• **Data records**:
━━━━━━
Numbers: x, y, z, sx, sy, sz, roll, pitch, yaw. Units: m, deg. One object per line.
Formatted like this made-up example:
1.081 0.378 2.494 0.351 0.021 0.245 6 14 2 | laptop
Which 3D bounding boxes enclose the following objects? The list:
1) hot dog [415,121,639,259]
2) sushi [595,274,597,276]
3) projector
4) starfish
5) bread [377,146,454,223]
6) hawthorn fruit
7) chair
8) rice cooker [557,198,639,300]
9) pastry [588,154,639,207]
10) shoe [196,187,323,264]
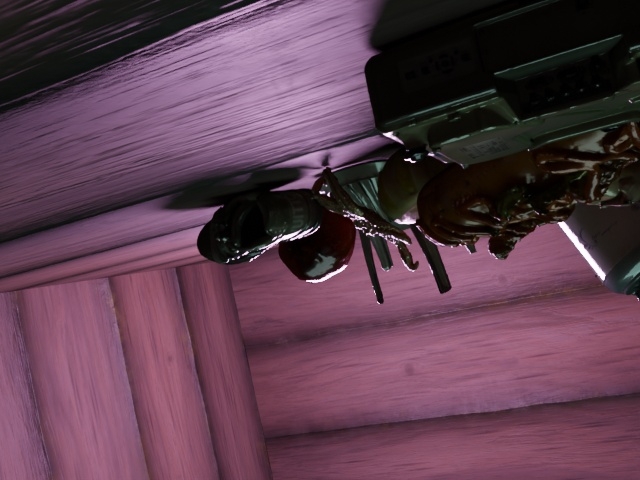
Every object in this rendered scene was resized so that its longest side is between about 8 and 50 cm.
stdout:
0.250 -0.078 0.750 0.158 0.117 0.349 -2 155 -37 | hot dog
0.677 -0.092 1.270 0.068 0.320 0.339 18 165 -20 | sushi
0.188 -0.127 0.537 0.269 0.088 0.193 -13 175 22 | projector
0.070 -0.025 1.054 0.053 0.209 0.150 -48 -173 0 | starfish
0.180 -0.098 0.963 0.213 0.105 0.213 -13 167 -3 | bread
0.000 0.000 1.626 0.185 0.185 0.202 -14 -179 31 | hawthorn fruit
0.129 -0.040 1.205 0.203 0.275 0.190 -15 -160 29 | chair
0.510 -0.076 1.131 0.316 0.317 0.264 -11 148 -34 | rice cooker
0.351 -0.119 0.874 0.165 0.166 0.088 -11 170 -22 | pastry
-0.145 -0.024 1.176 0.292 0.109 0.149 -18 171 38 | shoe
━━━━━━
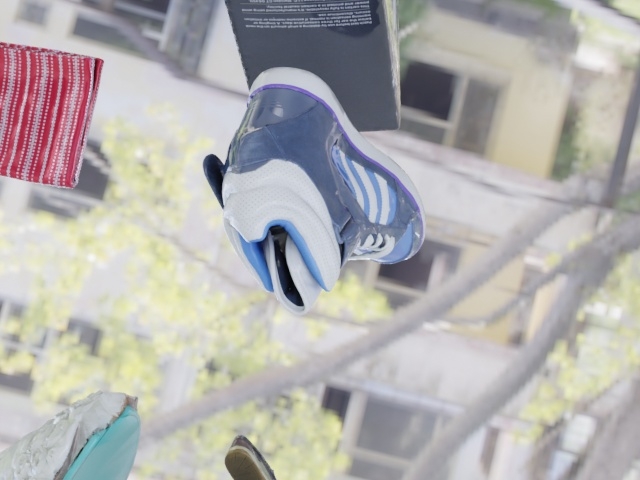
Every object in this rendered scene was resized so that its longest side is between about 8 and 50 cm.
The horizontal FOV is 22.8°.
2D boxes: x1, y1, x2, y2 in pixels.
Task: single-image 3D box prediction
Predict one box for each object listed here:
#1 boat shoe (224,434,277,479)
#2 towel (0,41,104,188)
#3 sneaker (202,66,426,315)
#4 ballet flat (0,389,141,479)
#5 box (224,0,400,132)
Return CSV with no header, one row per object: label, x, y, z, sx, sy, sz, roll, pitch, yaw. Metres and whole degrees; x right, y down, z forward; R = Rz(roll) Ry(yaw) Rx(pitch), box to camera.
━━━━━━
• **Brief**: Lines to set down from above: the line with "Task: single-image 3D box prediction", the line with "#5 box (224,0,400,132)", and every line between, each exactly as written.

• **Response**:
Task: single-image 3D box prediction
Predict one box for each object listed here:
#1 boat shoe (224,434,277,479)
#2 towel (0,41,104,188)
#3 sneaker (202,66,426,315)
#4 ballet flat (0,389,141,479)
#5 box (224,0,400,132)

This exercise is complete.